Considerados de tantas maneras y bajo formas tan
varias los orinoquenses, veámoslos en fin como guerreros. No hay duda de que
hay algunas naciones del Orinoco (sea de otras como sea) muy valerosas. Son
bravísimos soldados y fácilmente compiten con cualquiera los güipunaves y los
cáverres, y muchas otras tribus indias del alto Orinoco. No son tan valerosos
los del bajo, aunque sean considerados feroces y traidores. Todos sin embargo,
o poco o mucho, guerrean.
Haciendo la guerra, para no obrar ciegamente, se
requiere algún motivo. Se requiere para hacerla con fortuna, además del valor
de los soldados, las armas adecuadas para la tarea. Y por hablar primero de los
motivos de sus guerras, pueden estos reducirse fácilmente a dos, esto es, la
barbarie, y el interés. El primero, pues, es la innata barbarie, por la cual
unidos de algún modo los individuos de una nación entre sí, miran siempre con
ojo amenazador a todos aquellos que no conviven con ellos. Para quitarles esta
tendencia no sirve decirles que, aunque de lengua diversa, todos son sin
embargo americanos, y que entre ellos tienen naturalmente un color, una
costumbre, un genio, que debería unirlos juntos a todos sin mutuas ofensas. A
semejante razonamiento o no dan respuesta alguna, o lo desprecian
descaradamente. Y en cuanto un indio, aunque uniforme en lo demás, es distinto
en el hablar de otro, quiere insensatamente la sangre de este (p. 278-279).

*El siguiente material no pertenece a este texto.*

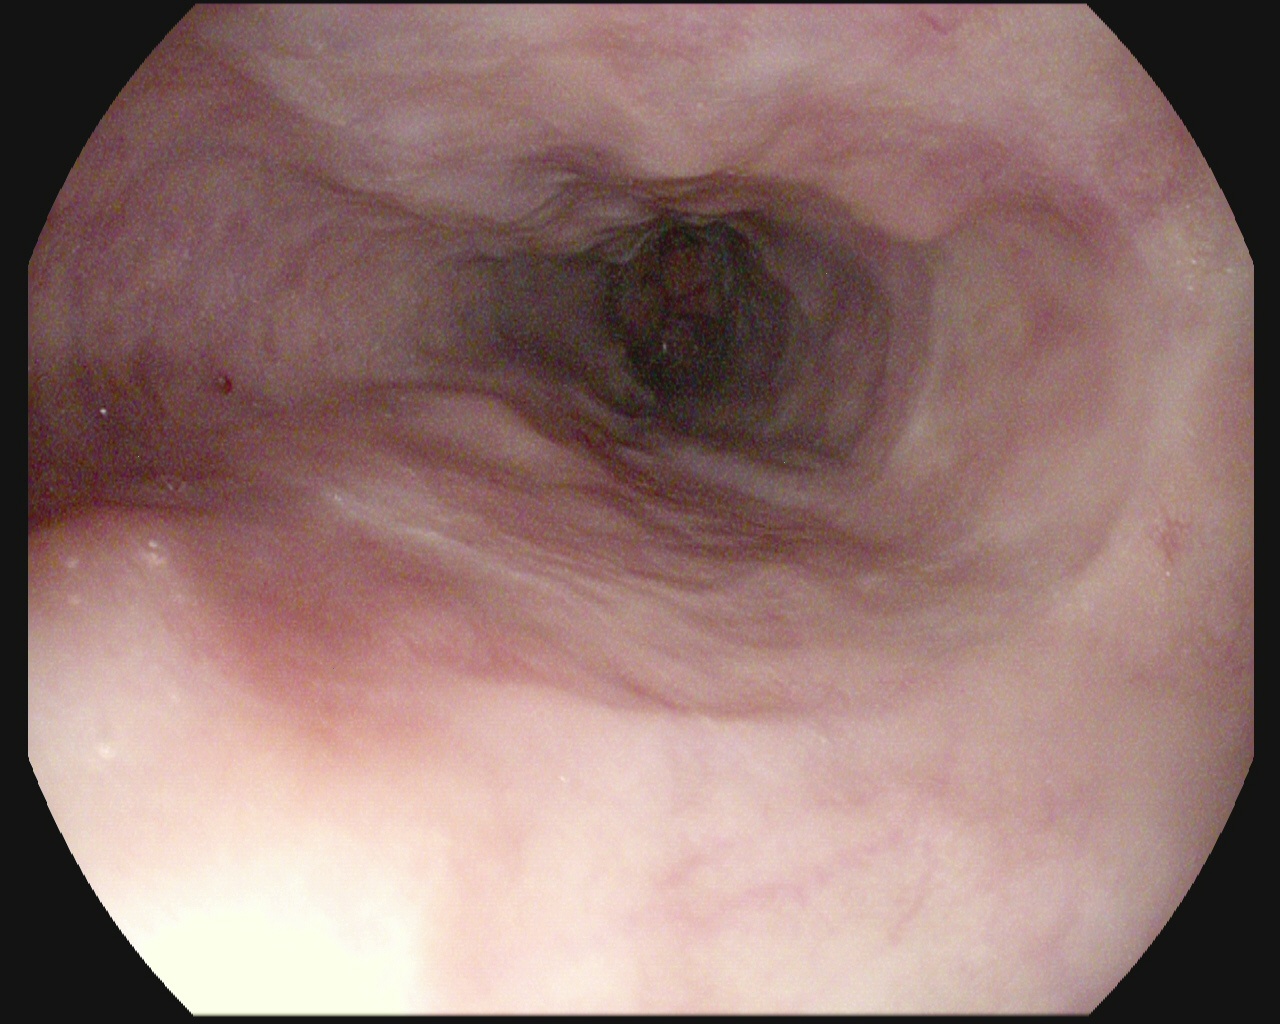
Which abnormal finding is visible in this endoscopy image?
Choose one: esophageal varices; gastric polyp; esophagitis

esophageal varices

Por lo cual no es el motivo que empuja a los
orinoquenses a la guerra el deseo de dilatar el dominio con la conquista de
otros pueblos. Porque de ordinario no tienen otra mira que la de destruir los
países junto con sus habitantes, sean enemigos o no lo sean. ¡Cuántas naciones
o ramas, por así decir, de naciones han perecido por este genio desolador del
Orinoco! Existieron en los países que son ahora de los tamanacos los llamados
tiaos[1]. De tal gente no queda ni
uno. ¿Oué son los uoqueares, qué los aquerecotos, qué otros indios que hemos
citado en otra parte, sino un nada? (p. 279).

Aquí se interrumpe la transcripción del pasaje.